- Opening Delimiter -
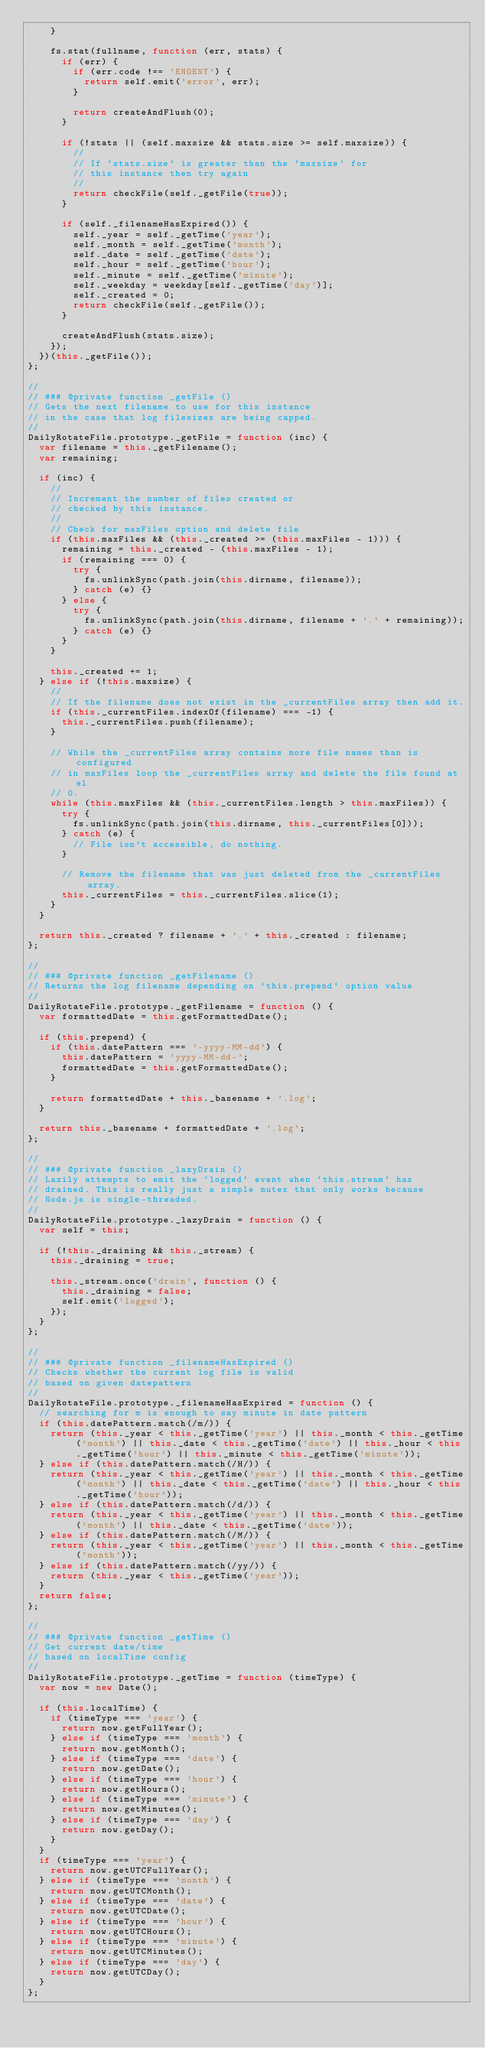<code> <loc_0><loc_0><loc_500><loc_500><_JavaScript_>    }

    fs.stat(fullname, function (err, stats) {
      if (err) {
        if (err.code !== 'ENOENT') {
          return self.emit('error', err);
        }

        return createAndFlush(0);
      }

      if (!stats || (self.maxsize && stats.size >= self.maxsize)) {
        //
        // If `stats.size` is greater than the `maxsize` for
        // this instance then try again
        //
        return checkFile(self._getFile(true));
      }

      if (self._filenameHasExpired()) {
        self._year = self._getTime('year');
        self._month = self._getTime('month');
        self._date = self._getTime('date');
        self._hour = self._getTime('hour');
        self._minute = self._getTime('minute');
        self._weekday = weekday[self._getTime('day')];
        self._created = 0;
        return checkFile(self._getFile());
      }

      createAndFlush(stats.size);
    });
  })(this._getFile());
};

//
// ### @private function _getFile ()
// Gets the next filename to use for this instance
// in the case that log filesizes are being capped.
//
DailyRotateFile.prototype._getFile = function (inc) {
  var filename = this._getFilename();
  var remaining;

  if (inc) {
    //
    // Increment the number of files created or
    // checked by this instance.
    //
    // Check for maxFiles option and delete file
    if (this.maxFiles && (this._created >= (this.maxFiles - 1))) {
      remaining = this._created - (this.maxFiles - 1);
      if (remaining === 0) {
        try {
          fs.unlinkSync(path.join(this.dirname, filename));
        } catch (e) {}
      } else {
        try {
          fs.unlinkSync(path.join(this.dirname, filename + '.' + remaining));
        } catch (e) {}
      }
    }

    this._created += 1;
  } else if (!this.maxsize) {
    //
    // If the filename does not exist in the _currentFiles array then add it.
    if (this._currentFiles.indexOf(filename) === -1) {
      this._currentFiles.push(filename);
    }

    // While the _currentFiles array contains more file names than is configured
    // in maxFiles loop the _currentFiles array and delete the file found at el
    // 0.
    while (this.maxFiles && (this._currentFiles.length > this.maxFiles)) {
      try {
        fs.unlinkSync(path.join(this.dirname, this._currentFiles[0]));
      } catch (e) {
        // File isn't accessible, do nothing.
      }

      // Remove the filename that was just deleted from the _currentFiles array.
      this._currentFiles = this._currentFiles.slice(1);
    }
  }

  return this._created ? filename + '.' + this._created : filename;
};

//
// ### @private function _getFilename ()
// Returns the log filename depending on `this.prepend` option value
//
DailyRotateFile.prototype._getFilename = function () {
  var formattedDate = this.getFormattedDate();

  if (this.prepend) {
    if (this.datePattern === '-yyyy-MM-dd') {
      this.datePattern = 'yyyy-MM-dd-';
      formattedDate = this.getFormattedDate();
    }

    return formattedDate + this._basename + '.log';
  }

  return this._basename + formattedDate + '.log';
};

//
// ### @private function _lazyDrain ()
// Lazily attempts to emit the `logged` event when `this.stream` has
// drained. This is really just a simple mutex that only works because
// Node.js is single-threaded.
//
DailyRotateFile.prototype._lazyDrain = function () {
  var self = this;

  if (!this._draining && this._stream) {
    this._draining = true;

    this._stream.once('drain', function () {
      this._draining = false;
      self.emit('logged');
    });
  }
};

//
// ### @private function _filenameHasExpired ()
// Checks whether the current log file is valid
// based on given datepattern
//
DailyRotateFile.prototype._filenameHasExpired = function () {
  // searching for m is enough to say minute in date pattern
  if (this.datePattern.match(/m/)) {
    return (this._year < this._getTime('year') || this._month < this._getTime('month') || this._date < this._getTime('date') || this._hour < this._getTime('hour') || this._minute < this._getTime('minute'));
  } else if (this.datePattern.match(/H/)) {
    return (this._year < this._getTime('year') || this._month < this._getTime('month') || this._date < this._getTime('date') || this._hour < this._getTime('hour'));
  } else if (this.datePattern.match(/d/)) {
    return (this._year < this._getTime('year') || this._month < this._getTime('month') || this._date < this._getTime('date'));
  } else if (this.datePattern.match(/M/)) {
    return (this._year < this._getTime('year') || this._month < this._getTime('month'));
  } else if (this.datePattern.match(/yy/)) {
    return (this._year < this._getTime('year'));
  }
  return false;
};

//
// ### @private function _getTime ()
// Get current date/time
// based on localTime config
//
DailyRotateFile.prototype._getTime = function (timeType) {
  var now = new Date();

  if (this.localTime) {
    if (timeType === 'year') {
      return now.getFullYear();
    } else if (timeType === 'month') {
      return now.getMonth();
    } else if (timeType === 'date') {
      return now.getDate();
    } else if (timeType === 'hour') {
      return now.getHours();
    } else if (timeType === 'minute') {
      return now.getMinutes();
    } else if (timeType === 'day') {
      return now.getDay();
    }
  }
  if (timeType === 'year') {
    return now.getUTCFullYear();
  } else if (timeType === 'month') {
    return now.getUTCMonth();
  } else if (timeType === 'date') {
    return now.getUTCDate();
  } else if (timeType === 'hour') {
    return now.getUTCHours();
  } else if (timeType === 'minute') {
    return now.getUTCMinutes();
  } else if (timeType === 'day') {
    return now.getUTCDay();
  }
};
</code> 
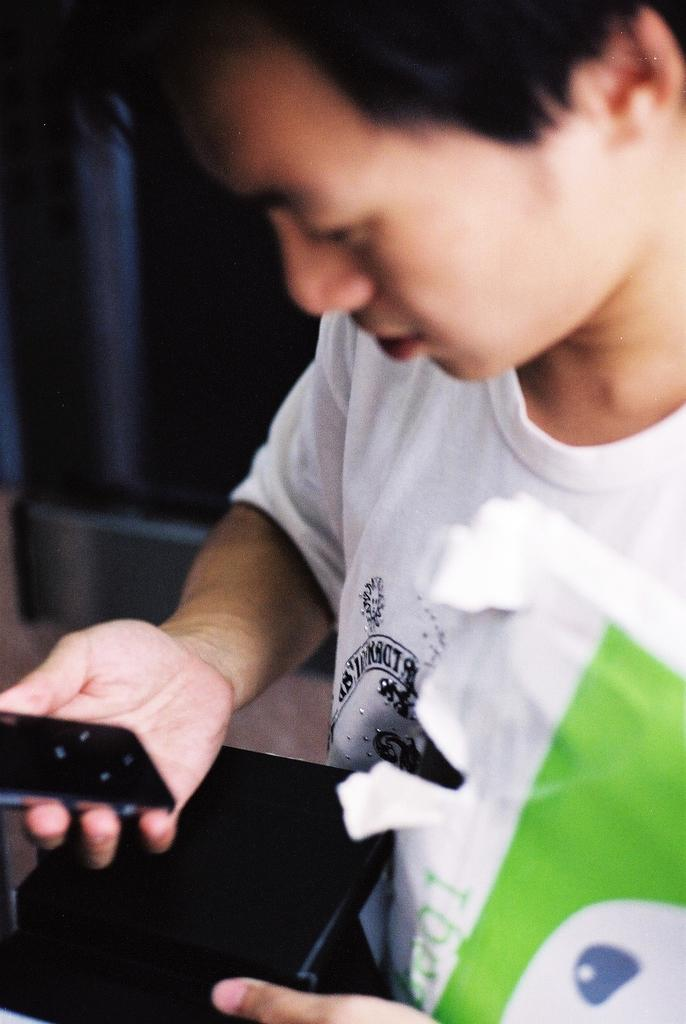What is the main subject of the image? There is a man in the image. What is the man wearing? The man is wearing a white shirt. What objects is the man holding in his left hand? The man is holding a mobile phone and a file in his left hand. What type of beetle can be seen crawling on the man's shirt in the image? There is no beetle present on the man's shirt in the image. 
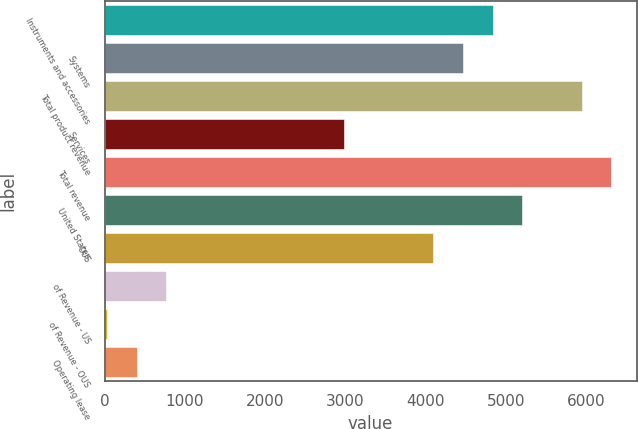Convert chart to OTSL. <chart><loc_0><loc_0><loc_500><loc_500><bar_chart><fcel>Instruments and accessories<fcel>Systems<fcel>Total product revenue<fcel>Services<fcel>Total revenue<fcel>United States<fcel>OUS<fcel>of Revenue - US<fcel>of Revenue - OUS<fcel>Operating lease<nl><fcel>4832.76<fcel>4463.24<fcel>5941.32<fcel>2985.16<fcel>6310.84<fcel>5202.28<fcel>4093.72<fcel>768.04<fcel>29<fcel>398.52<nl></chart>
- Closing Delimiter -
Work item:
Scan the entries above for the word "checkFile", then copy every line in which it occurs.

Output:
        return checkFile(self._getFile(true));
        return checkFile(self._getFile());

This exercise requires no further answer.